__Work task__:
Pull each line containing "Answer" out of the data and copy it.

Dataset entries
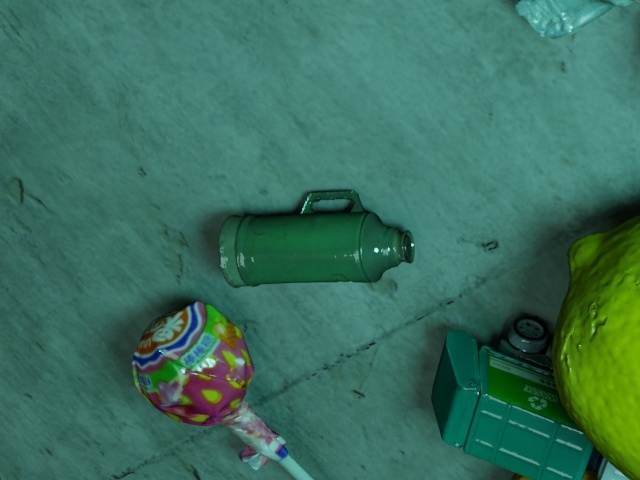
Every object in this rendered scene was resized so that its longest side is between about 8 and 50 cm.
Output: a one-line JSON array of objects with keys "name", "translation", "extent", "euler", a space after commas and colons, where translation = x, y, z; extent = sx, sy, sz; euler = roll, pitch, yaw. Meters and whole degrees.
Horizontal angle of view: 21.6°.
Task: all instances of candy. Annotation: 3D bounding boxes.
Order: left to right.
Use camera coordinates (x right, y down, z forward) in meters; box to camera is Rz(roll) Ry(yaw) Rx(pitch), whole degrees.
[{"name": "candy", "translation": [-0.054, 0.212, 1.777], "extent": [0.124, 0.124, 0.365], "euler": [-28, 117, 35]}]

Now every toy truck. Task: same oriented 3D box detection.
[{"name": "toy truck", "translation": [0.228, 0.166, 1.597], "extent": [0.253, 0.124, 0.114], "euler": [22, 128, 13]}]

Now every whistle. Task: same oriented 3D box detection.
[{"name": "whistle", "translation": [0.245, -0.224, 1.352], "extent": [0.223, 0.123, 0.123], "euler": [-28, 105, 41]}]

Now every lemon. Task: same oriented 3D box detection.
[{"name": "lemon", "translation": [0.325, 0.101, 1.429], "extent": [0.267, 0.267, 0.267], "euler": [11, 124, 18]}]

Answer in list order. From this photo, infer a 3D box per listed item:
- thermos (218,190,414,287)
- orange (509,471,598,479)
[{"name": "thermos", "translation": [0.001, 0.005, 1.634], "extent": [0.187, 0.083, 0.073], "euler": [-1, 141, 23]}, {"name": "orange", "translation": [0.241, 0.272, 1.658], "extent": [0.135, 0.118, 0.136], "euler": [3, 137, 3]}]
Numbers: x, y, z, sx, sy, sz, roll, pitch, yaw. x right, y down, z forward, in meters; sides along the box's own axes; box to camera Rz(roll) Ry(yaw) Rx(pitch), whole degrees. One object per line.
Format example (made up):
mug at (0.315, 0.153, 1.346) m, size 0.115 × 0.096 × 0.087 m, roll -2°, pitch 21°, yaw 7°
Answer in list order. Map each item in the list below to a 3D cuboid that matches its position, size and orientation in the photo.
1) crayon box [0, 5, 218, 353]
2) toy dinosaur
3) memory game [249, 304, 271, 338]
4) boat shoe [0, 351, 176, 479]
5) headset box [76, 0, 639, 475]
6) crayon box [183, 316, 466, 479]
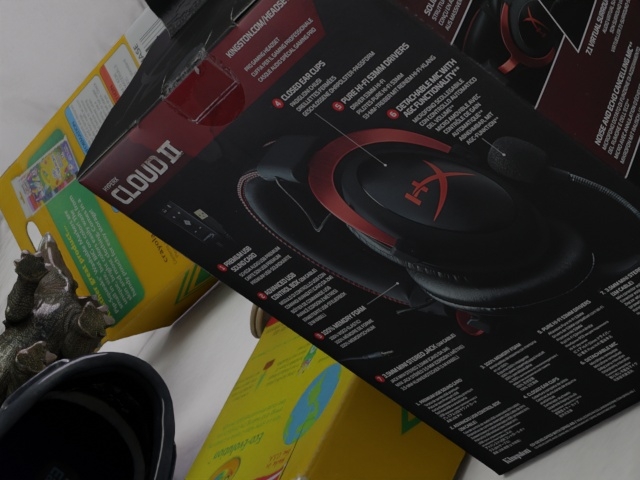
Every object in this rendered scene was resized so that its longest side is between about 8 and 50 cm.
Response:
crayon box at (-0.150, -0.053, 1.679) m, size 0.083 × 0.203 × 0.323 m, roll -13°, pitch -21°, yaw -46°
toy dinosaur at (-0.254, 0.114, 1.549) m, size 0.313 × 0.121 × 0.160 m, roll -59°, pitch -6°, yaw -36°
memory game at (0.000, 0.000, 1.232) m, size 0.186 × 0.012 × 0.186 m, roll -45°, pitch -37°, yaw -50°
boat shoe at (-0.233, 0.260, 1.288) m, size 0.156 × 0.187 × 0.500 m, roll -49°, pitch 9°, yaw 43°
headset box at (0.047, -0.044, 0.853) m, size 0.218 × 0.293 × 0.110 m, roll -39°, pitch 21°, yaw 48°
crayon box at (0.019, 0.085, 1.076) m, size 0.202 × 0.081 × 0.318 m, roll -30°, pitch 28°, yaw 59°

__Result of the exercise__:
Answer in list order. From this photo, infer a 3D box per listed item:
Answer in list order. Map each item in the list below to a 3D cuboid that matches its position, size and orientation in the photo.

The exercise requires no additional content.